I am a.....treat tramp.

A treat-a-holic.

I acknowlegde that I am out of control and addicted to the nibbly morsel. I have done unspeakable acts to aquire the desired treat. I have done the Texas two step to get a treat. I've succombed to all sorts of rubbing and touching to fill my cravings. I've meowed and batted my eyelashes (I have Andy Rooney eyelashes by the way...totally out of control) in a treat trampy sort of way. I have even rolled over and exposed my underside (GASP!).

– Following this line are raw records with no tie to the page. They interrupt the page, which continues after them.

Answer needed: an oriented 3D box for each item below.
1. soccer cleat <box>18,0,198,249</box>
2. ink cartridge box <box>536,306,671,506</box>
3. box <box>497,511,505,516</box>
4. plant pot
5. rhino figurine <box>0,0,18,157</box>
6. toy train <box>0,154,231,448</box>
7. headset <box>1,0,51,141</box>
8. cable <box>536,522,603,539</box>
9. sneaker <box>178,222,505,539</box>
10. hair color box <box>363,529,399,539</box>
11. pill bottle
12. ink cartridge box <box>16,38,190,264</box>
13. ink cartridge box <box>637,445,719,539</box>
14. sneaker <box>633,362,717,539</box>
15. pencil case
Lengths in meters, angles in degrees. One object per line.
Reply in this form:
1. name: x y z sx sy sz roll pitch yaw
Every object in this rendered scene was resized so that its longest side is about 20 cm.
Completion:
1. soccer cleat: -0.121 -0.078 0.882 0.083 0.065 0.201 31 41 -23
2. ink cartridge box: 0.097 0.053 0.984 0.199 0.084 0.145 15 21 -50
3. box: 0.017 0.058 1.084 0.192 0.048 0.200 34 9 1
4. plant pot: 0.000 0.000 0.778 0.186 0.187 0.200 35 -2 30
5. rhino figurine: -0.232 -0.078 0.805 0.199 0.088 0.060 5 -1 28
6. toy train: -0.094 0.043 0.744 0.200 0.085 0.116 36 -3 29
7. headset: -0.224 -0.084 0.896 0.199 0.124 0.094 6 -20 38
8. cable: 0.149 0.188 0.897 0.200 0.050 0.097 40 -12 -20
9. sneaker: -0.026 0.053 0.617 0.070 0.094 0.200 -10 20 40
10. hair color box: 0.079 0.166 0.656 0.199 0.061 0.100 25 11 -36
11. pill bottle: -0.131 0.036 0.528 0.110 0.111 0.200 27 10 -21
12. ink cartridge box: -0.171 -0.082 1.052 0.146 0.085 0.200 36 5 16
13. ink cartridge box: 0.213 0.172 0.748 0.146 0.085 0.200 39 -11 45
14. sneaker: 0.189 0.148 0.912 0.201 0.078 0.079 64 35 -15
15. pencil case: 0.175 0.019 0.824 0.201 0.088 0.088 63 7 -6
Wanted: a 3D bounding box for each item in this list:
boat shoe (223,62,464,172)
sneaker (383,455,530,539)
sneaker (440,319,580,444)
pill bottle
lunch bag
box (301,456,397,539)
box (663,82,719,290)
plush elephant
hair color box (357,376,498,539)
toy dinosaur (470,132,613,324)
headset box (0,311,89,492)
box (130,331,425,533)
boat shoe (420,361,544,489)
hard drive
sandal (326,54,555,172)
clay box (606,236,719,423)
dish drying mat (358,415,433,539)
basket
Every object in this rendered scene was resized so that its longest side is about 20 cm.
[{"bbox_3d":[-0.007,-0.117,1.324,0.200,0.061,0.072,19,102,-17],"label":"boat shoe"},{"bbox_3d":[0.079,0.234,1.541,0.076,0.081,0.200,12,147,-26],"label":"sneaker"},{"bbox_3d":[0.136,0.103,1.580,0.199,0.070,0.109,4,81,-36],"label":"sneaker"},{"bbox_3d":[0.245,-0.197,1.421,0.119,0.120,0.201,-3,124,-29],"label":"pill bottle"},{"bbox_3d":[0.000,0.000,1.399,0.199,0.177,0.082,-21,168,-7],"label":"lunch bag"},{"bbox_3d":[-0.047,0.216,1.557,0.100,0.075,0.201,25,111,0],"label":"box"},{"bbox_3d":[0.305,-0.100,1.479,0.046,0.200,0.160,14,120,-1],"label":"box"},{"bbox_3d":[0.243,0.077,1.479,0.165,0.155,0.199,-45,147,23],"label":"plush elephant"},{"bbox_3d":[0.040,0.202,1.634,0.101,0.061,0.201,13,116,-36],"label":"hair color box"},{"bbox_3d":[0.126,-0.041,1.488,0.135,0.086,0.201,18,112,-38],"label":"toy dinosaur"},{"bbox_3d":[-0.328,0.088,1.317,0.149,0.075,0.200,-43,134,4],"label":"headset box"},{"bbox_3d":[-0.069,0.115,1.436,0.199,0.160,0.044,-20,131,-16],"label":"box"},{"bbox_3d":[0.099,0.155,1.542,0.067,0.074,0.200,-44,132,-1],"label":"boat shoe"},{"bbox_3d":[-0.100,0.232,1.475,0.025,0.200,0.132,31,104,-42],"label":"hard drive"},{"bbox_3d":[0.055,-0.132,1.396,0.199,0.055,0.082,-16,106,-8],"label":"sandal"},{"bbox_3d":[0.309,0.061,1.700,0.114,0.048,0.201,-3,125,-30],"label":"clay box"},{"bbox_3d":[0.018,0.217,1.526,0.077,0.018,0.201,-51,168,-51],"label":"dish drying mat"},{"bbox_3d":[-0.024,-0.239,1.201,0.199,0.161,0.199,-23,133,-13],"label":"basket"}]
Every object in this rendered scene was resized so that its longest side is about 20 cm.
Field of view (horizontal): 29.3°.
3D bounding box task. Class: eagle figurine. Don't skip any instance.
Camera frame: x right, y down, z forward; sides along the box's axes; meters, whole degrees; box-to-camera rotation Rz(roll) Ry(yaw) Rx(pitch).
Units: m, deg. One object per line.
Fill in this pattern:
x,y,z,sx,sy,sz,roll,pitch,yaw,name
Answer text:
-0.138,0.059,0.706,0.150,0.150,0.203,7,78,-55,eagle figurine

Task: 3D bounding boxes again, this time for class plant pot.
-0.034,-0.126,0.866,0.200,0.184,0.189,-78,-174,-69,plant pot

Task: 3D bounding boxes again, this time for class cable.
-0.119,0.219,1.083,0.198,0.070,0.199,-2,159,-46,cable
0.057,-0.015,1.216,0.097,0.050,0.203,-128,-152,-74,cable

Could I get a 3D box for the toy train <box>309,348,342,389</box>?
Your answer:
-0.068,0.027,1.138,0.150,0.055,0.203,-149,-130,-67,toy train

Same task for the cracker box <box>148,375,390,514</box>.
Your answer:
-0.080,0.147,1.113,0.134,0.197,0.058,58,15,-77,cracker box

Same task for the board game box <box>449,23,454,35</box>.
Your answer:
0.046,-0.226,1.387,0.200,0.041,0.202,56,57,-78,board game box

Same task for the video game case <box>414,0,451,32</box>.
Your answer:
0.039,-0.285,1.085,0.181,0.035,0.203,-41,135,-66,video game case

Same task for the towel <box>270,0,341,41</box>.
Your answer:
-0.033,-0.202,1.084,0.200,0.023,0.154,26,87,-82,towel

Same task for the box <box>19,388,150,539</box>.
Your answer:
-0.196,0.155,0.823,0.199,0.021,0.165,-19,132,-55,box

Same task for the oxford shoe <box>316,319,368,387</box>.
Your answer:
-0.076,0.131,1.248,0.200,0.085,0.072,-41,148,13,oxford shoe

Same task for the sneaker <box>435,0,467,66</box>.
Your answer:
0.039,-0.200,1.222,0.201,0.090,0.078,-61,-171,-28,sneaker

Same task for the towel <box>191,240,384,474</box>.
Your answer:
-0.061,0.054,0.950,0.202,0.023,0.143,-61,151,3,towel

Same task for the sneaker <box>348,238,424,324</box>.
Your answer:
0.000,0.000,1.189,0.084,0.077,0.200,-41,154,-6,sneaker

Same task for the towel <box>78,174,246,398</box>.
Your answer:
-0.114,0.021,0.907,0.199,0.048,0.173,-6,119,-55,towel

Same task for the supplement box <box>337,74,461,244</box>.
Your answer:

I've admit that I am powerless over the treat. I surrender to a high power (Mom!) It doesn't help that she is an enabler and even gets up in the middle of the night to fuel my addiction. In the master bath, no less, is a discrete stash of the mind altering Good Life treat. In our gathering room, there is a complete basket dedicated to treats. I spend many hours gazing lovingly at these goodies. If only I had fingers! Mom says "Girl Cat Gets What Girl Cat Wants" since my diagnosis. THE GIRL CAT WANTS TREATS!!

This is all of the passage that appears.